### Assignment
Every line of the material below that holds the string "with" should be copied.

━━━━━━━━━━

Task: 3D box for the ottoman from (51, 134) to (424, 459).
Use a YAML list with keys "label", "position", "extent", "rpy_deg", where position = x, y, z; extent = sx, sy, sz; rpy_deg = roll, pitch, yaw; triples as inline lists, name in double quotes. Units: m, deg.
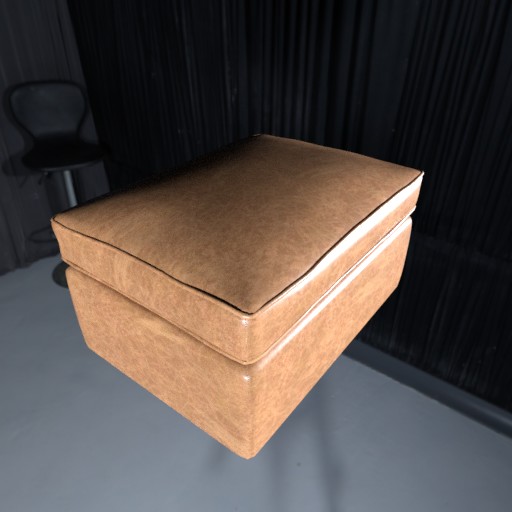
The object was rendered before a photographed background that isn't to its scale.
- label: "ottoman"
  position: [0.000, 0.000, 1.132]
  extent: [0.554, 0.468, 0.756]
  rpy_deg: [22, 39, 31]
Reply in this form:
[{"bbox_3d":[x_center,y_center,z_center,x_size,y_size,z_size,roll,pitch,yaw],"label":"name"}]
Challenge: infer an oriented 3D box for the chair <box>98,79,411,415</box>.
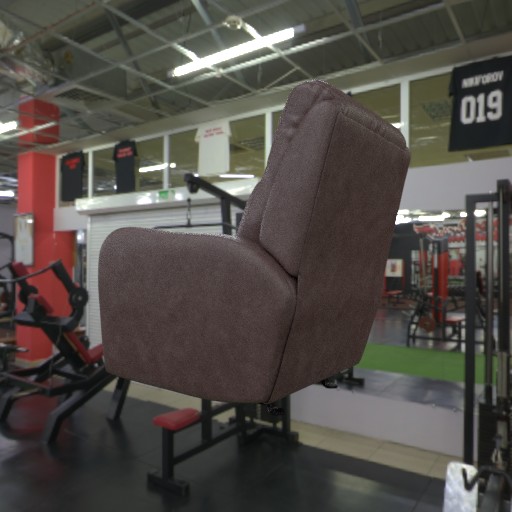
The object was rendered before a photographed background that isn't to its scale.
[{"bbox_3d":[0.000,0.000,1.812,1.067,1.067,0.865,0,-1,37],"label":"chair"}]
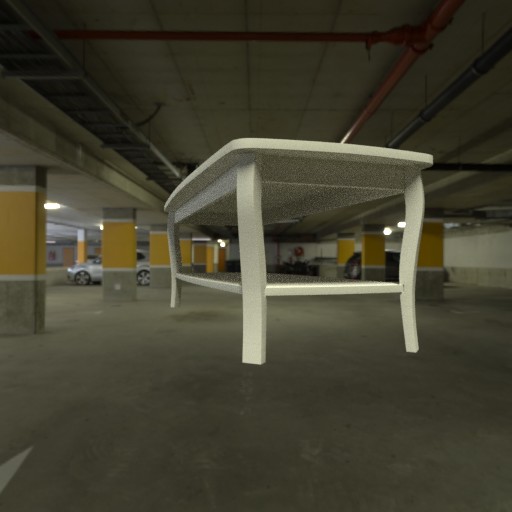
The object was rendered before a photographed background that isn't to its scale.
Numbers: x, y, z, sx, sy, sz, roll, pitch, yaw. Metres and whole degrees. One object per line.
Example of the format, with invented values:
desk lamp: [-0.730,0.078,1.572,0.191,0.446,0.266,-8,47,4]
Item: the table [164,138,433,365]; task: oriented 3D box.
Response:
table: [0.000,0.000,1.597,0.561,0.474,1.334,0,-1,-18]
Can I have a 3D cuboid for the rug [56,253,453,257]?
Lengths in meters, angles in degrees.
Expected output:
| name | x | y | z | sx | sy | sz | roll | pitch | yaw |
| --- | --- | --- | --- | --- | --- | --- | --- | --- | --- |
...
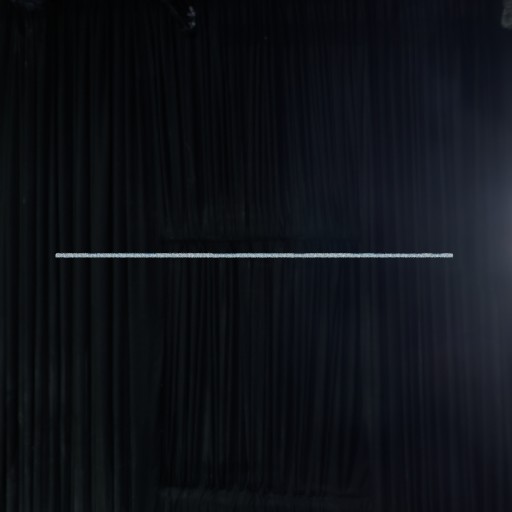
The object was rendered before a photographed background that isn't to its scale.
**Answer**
| name | x | y | z | sx | sy | sz | roll | pitch | yaw |
| --- | --- | --- | --- | --- | --- | --- | --- | --- | --- |
| rug | 0.000 | 0.000 | 2.906 | 1.518 | 0.015 | 2.438 | 0 | 0 | 0 |
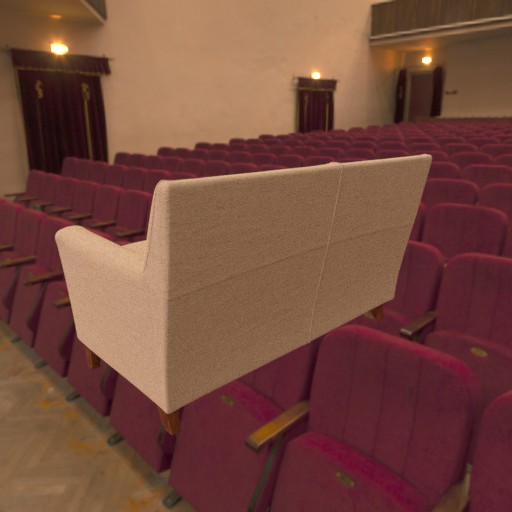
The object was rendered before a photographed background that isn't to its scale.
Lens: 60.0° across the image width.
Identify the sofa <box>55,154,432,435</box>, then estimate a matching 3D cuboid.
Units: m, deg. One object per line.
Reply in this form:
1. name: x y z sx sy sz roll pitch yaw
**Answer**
1. sofa: 0.000 0.000 2.032 1.482 0.892 0.891 -16 23 -42

━━━━━━━━━━

### Answer to this exercise
Use a YAML list with keys "label", "position", "extent", "rpy_deg", where position = x, y, z; extent = sx, sy, sz; rpy_deg = roll, pitch, yaw; triples as inline lists, name in double quotes. Units: m, deg.
Example of the format, with invented values:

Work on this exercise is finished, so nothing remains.